Intro
Hey everyone,
I'm not incredibly familiar with the nomenclature or internal workflows on the Checkpoint Maestro Hyperscale solution, but we're investigating an illusive issue with a particular workflow. I've provided a basic diagram to explain the connections.
Example Fabric
Example Path Through Fabric (leaf switch and spine switch selection are irrelevant)
Diagram Overview
There are 2 firewalls, each connect directly to a single Maestro switch. The Maestro switch is configured with two bridge groups. Traffic should come in from a firewall, enter the Maestro switch, pass through the Checkpoint IPS which is also attached to switch, and exit the South side interfaces to the leaf switches.

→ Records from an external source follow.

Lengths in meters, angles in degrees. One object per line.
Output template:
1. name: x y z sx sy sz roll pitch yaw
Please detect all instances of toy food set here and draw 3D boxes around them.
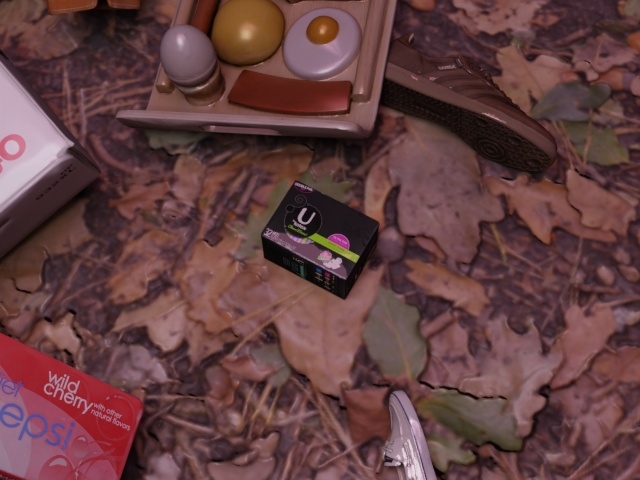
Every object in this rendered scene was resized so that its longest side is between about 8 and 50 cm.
1. toy food set: -0.046 -0.229 0.905 0.219 0.092 0.306 4 67 16

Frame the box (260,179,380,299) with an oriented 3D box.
1. box: 0.000 0.000 0.855 0.083 0.052 0.062 27 69 12

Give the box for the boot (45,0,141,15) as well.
1. boot: -0.173 -0.286 0.904 0.197 0.073 0.153 -14 105 -24

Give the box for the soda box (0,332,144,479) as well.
1. soda box: -0.258 0.107 0.705 0.263 0.083 0.092 34 62 -35

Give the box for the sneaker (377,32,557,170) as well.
1. sneaker: 0.137 -0.133 0.907 0.188 0.066 0.071 28 68 10

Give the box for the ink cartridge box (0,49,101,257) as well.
1. ink cartridge box: -0.364 -0.106 0.798 0.223 0.129 0.307 -41 87 -4

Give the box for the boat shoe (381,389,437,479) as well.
1. boat shoe: 0.066 0.170 0.794 0.035 0.035 0.100 -13 74 -9
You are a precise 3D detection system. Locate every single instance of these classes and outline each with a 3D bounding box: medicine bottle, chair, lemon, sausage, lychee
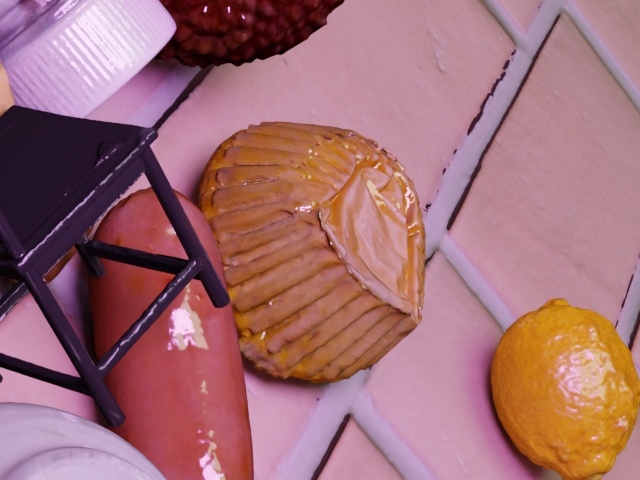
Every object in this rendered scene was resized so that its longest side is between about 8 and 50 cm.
[{"bbox_3d":[-0.248,-0.214,1.190,0.273,0.165,0.165,51,36,-14],"label":"medicine bottle"},{"bbox_3d":[-0.191,-0.025,1.028,0.141,0.154,0.260,-49,133,-31],"label":"chair"},{"bbox_3d":[0.238,0.147,1.556,0.142,0.142,0.187,13,59,-47],"label":"lemon"},{"bbox_3d":[-0.112,0.082,1.192,0.113,0.113,0.259,15,54,-45],"label":"sausage"},{"bbox_3d":[-0.086,-0.270,1.331,0.264,0.264,0.300,47,0,-18],"label":"lychee"}]

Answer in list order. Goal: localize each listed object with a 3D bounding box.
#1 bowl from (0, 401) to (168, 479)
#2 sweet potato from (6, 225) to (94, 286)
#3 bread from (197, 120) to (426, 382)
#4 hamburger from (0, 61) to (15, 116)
[{"bbox_3d":[-0.175,0.232,0.976,0.307,0.163,0.307,27,48,-35],"label":"bowl"},{"bbox_3d":[-0.195,-0.026,1.221,0.056,0.056,0.195,42,34,-24],"label":"sweet potato"},{"bbox_3d":[-0.002,0.000,1.364,0.240,0.139,0.240,35,39,-35],"label":"bread"},{"bbox_3d":[-0.287,-0.109,1.089,0.208,0.155,0.135,50,40,-27],"label":"hamburger"}]
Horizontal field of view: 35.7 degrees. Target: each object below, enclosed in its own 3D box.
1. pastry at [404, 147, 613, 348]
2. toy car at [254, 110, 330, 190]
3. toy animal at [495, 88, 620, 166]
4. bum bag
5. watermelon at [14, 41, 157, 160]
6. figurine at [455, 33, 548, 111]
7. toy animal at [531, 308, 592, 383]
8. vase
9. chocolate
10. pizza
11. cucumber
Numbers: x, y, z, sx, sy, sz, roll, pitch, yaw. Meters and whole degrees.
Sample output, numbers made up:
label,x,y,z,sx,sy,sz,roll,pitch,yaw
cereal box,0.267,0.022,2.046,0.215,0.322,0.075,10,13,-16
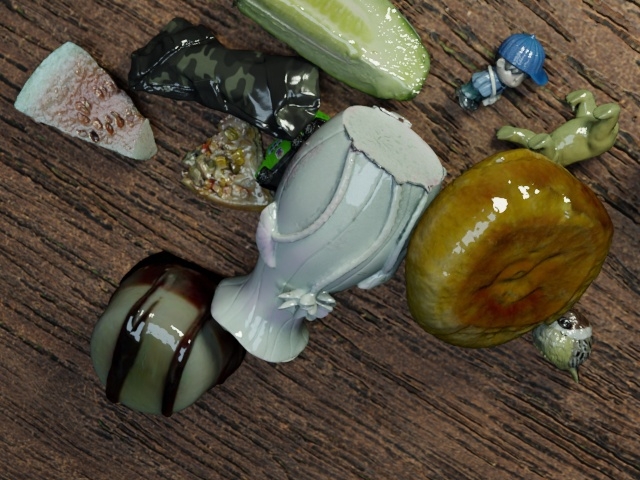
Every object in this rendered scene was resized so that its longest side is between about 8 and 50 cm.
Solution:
label,x,y,z,sx,sy,sz,roll,pitch,yaw
pastry,0.278,0.019,1.495,0.356,0.356,0.163,-50,46,24
toy car,-0.042,-0.149,1.656,0.165,0.071,0.062,-43,51,24
toy animal,0.367,-0.145,1.542,0.219,0.103,0.101,-26,123,18
bum bag,-0.155,-0.270,1.632,0.341,0.095,0.144,19,77,16
watermelon,-0.388,-0.226,1.735,0.241,0.094,0.154,37,104,0
figurine,0.282,-0.257,1.535,0.149,0.086,0.087,-28,74,33
toy animal,0.410,0.169,1.627,0.098,0.098,0.137,-36,113,23
vase,0.000,0.000,1.601,0.250,0.250,0.445,38,122,1
chocolate,-0.284,0.184,1.775,0.284,0.186,0.283,5,108,14
pizza,-0.148,-0.146,1.702,0.185,0.052,0.195,16,111,7
cucumber,0.030,-0.336,1.563,0.325,0.105,0.145,34,72,1

The leaf switch pairs each have their own distinct port channels connected to the maestro switch. The leaf switches connect to a spine layer (I've simplified the connectivity so you don't have to look at all of the redundant connections between the leaf and spine Clos architecture).
Problem
Let's call everything on the left side, side A, and everything on the right side, side B for simplicity sake.
If a host behind firewall A, or firewall A itself, on the left side tries to communicate with firewall B, or a host behind firewall B, on the right there is significant delay / jitter.
If a host behind firewall A communicates anywhere else in the network, even another host connected on switch pair B that isn't beyond the Maestro switch, there is no issue at all.
I've provided a second copy of the diagram with a red line to illustrate where things fall down. It doesn't matter if the traffic crosses switch 1 or 2 in pair A or B, or any of the 3 spine switches, the result is always the same.
We have sub-second latency between switch pair A and B. All other inter-leaf pair communications in the fabric work as expected.
My limited understanding of the Maestro switch is that when slave interfaces are assigned to a bridge, layer 2 traffic passively traverses the bridge from North to South, and can't communicate with another bridge. I don't understand how we exit the bridge to get to the IPS, but it appears either bridge can fork traffic to the attached IPS.
When we do a packet capture from a SPAN on our leaf switches we're seeing tons of TCP retransmits and out of order packets. For example Host A tries to start TCP 3 way handshake and sends a SYN across the wire. Host B doesn't receive the SYN for more time than is expected creating many retransmits, and finally it will receive it and replies back with SYN ACK. Host A now doesn't receive the SYNACK back so Host B starts retransmitting until finally an ACK is seen. Even after the underlying protocol is negotiated, the issue persists through the entire connection.
What We've Tried
TCP/UDP connection from host behind Firewall A or B to remote firewall in another data center. Result: Works great
TCP/UDP connection from host behind Firewall A or B across WAN. Result: Works great
TCP/UDP connection initiated from maestro facing interface on either Firewall A or B terminating directly on maestro facing interface on the opposing firewall. Result: Bad
TCP/UDP connection from host behind Firewall A or B to maestro facing interface on opposing firewall. Result: Bad
TCP/UDP connection from host behind Firewall A or B to another host behind the opposing firewall. Result: Bad
TCP/UDP connection from host behind Firewall A or B to maestro facing interface on locally connected firewall. Result: Works great
Disabling IPS policy enforcement temporarily for troubleshooting (Although traffic may still pass through the IPS despite the policies being turned off?) Result: Issue still occurs
Disabling firewall inspection policies related to TCP/IP based connections (including on both firewalls at the same time) Result: Issue still occurs
TCP/UDP connection originating from Switch Pair A or B to the opposing Switch Pair across the fabric. Result: Works great
TCP/UDP connection originating from Switch Pair A or B to the opposing firewall across the fabric. Result: Works great
Questions
I read somewhere on a Checkpoint forum post that traffic passing through the same Maestro twice could present issues? Is anyone aware of any limitations or bugs in a setup like this? The Maestro switch connections are meant to be passive, and as such we only see the firewall's MAC addresses advertised across, but our LACP peering is with the Checkpoint MACs. Each distinct switch pair sees a unique MAC for it's LACP peer. Any ideas?